This study focuses on understanding the impact of phase behavior, particularly solid phase behavior, on heavy oil partitioning processes in upgrading operations. Multiphase behaviors for the model systems Athabasca Bitumen Vacuum Bottoms (ABVB), a 525+°C fraction containing 32 wt % asphaltenes, + pentane, heptane and dodecane are investigated using a variable volume X-ray view-cell. The mixtures exhibit complex fluid phase behaviors with asphaltene solidification. Two three-phase LLV zones, L1L2V and L2L3V, were found for ABVB + pentane mixtures. The L1L2V zone is expected since it is close to the vapour pressure curve of pure alkane, a typical characteristic of asymmetric mixtures. However the L2L3V zone, found at temperatures T > 230°C for 40∼45 wt % ABVB + pentane mixtures and T = 20∼340°C for 50 wt % ABVB + pentane mixtures, was unexpected. The pressure range of the L2L3V region was very narrow and this zone has great potential for developing selective separation processes. Existing processes such as Residuum Oil Supercritical Extraction processes are currently operating in L1L2V zone. Solids when present can be completely dispersed, completely settled, or remain partially dispersed and partially settled. In addition, adherent deposits, including liquids, are observed at T < 200°C over a broad range of conditions.
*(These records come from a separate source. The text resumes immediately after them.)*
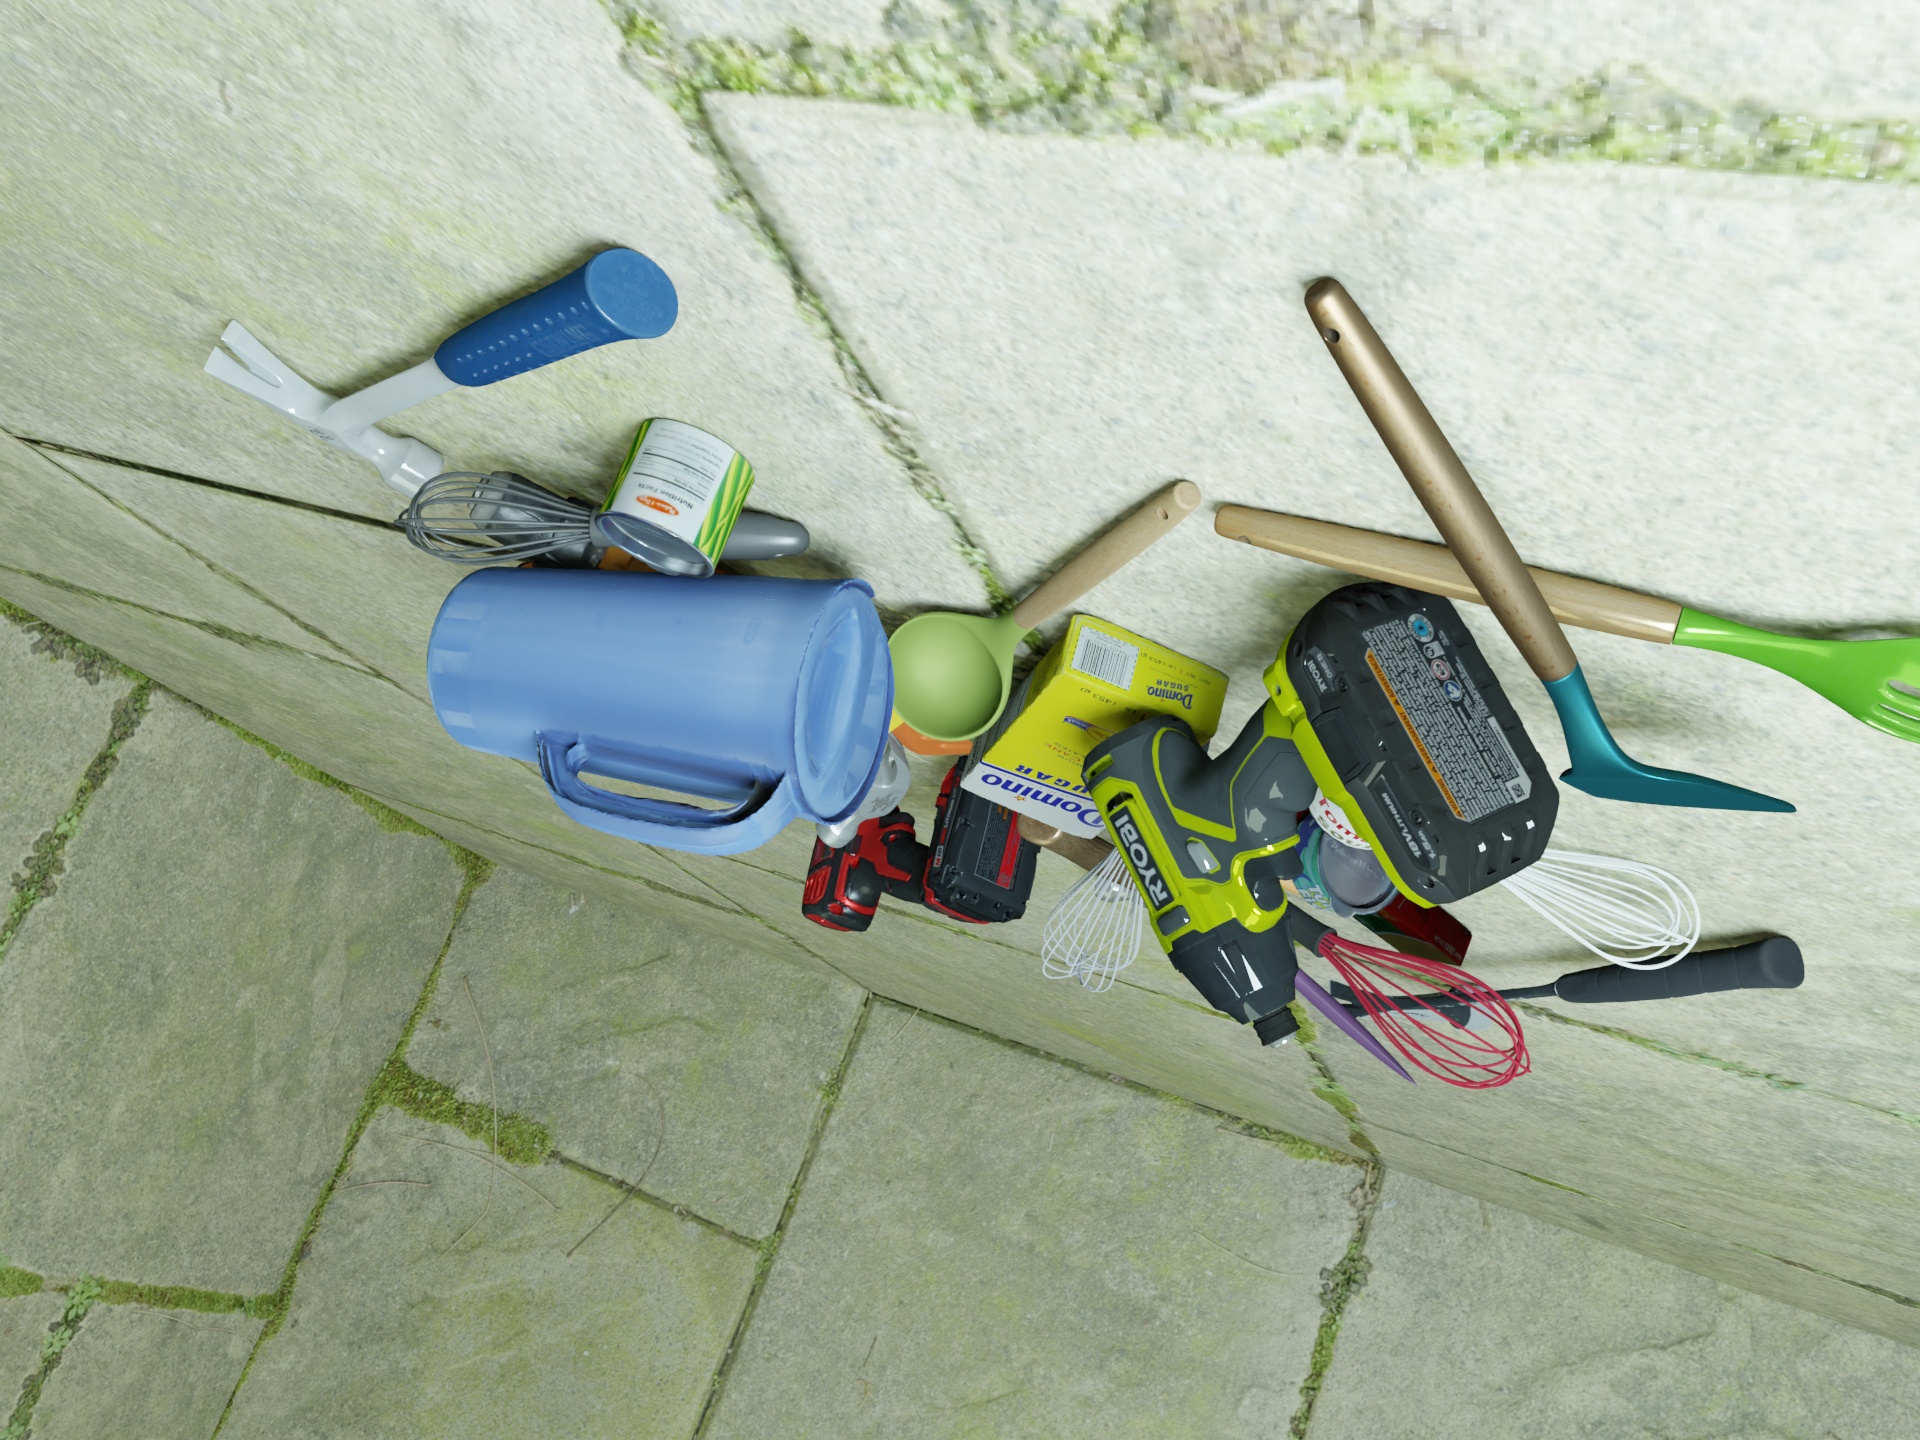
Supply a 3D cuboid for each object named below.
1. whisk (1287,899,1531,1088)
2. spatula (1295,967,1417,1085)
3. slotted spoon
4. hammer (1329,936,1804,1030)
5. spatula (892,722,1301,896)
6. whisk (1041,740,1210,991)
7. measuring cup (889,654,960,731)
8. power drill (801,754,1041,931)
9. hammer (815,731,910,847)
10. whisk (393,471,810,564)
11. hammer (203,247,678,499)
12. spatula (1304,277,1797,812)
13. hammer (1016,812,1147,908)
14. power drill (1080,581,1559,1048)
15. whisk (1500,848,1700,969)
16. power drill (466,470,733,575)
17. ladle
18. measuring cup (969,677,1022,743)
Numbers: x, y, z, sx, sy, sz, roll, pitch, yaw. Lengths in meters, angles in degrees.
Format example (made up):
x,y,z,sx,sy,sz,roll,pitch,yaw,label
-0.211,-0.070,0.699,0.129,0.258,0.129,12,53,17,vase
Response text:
x,y,z,sx,sy,sz,roll,pitch,yaw,label
0.269,0.165,1.104,0.296,0.073,0.073,33,177,45,whisk
0.192,0.140,1.098,0.316,0.018,0.060,42,180,5,spatula
0.248,-0.041,0.612,0.314,0.031,0.070,17,159,21,slotted spoon
0.403,0.181,1.081,0.149,0.036,0.409,5,165,-16,hammer
0.099,0.057,1.060,0.323,0.041,0.081,26,166,20,spatula
0.107,0.090,1.020,0.070,0.070,0.284,21,139,3,whisk
-0.041,-0.008,1.021,0.062,0.029,0.156,49,150,-3,measuring cup
-0.035,0.091,1.235,0.078,0.143,0.220,27,157,-34,power drill
-0.170,0.020,1.079,0.330,0.033,0.128,15,136,-40,hammer
-0.201,-0.107,0.888,0.239,0.055,0.055,4,162,7,whisk
-0.264,-0.180,0.806,0.144,0.035,0.406,32,161,-34,hammer
0.211,-0.045,0.585,0.082,0.044,0.317,3,143,51,spatula
0.119,0.111,1.202,0.130,0.031,0.331,11,170,26,hammer
0.156,0.050,0.731,0.080,0.171,0.223,-18,165,-31,power drill
0.296,0.076,0.907,0.246,0.059,0.058,22,-168,13,whisk
-0.248,-0.081,1.038,0.185,0.084,0.226,28,159,-22,power drill
0.034,-0.053,0.803,0.078,0.062,0.320,52,157,-2,ladle
-0.002,-0.003,1.038,0.168,0.038,0.083,12,162,24,measuring cup

Composition analysis for specific phases revealed that mineral matter is easily and quantitatively separated from ABVB by adding sufficient amounts of an alkane solvent to create a second liquid phase, while selective removal of nickel, vanadium, sulfur and nitrogen from ABVB + pentane mixtures is not realized. Chemical reactions coupled with multiphase behavior are required to selectively remove heavy metals. Saturate-Aromatics-Resins-Asphaltenes (SARA) analysis indicates that the rejected phases contain saturates, aromatics and resins while the extracted phases contain asphaltenes, suggesting aromatics, resins and asphaltenes constitute a compositional continuum with respect to both molar mass and polarity.
The X-ray view-cell technology was also enhanced during this study. Detection of precipitated phase/phases and apparent phase density measurements were improved. A new phase density calibration method using a beryllium insert as an internal standard was developed and automated. Software was prepared to process experimental data.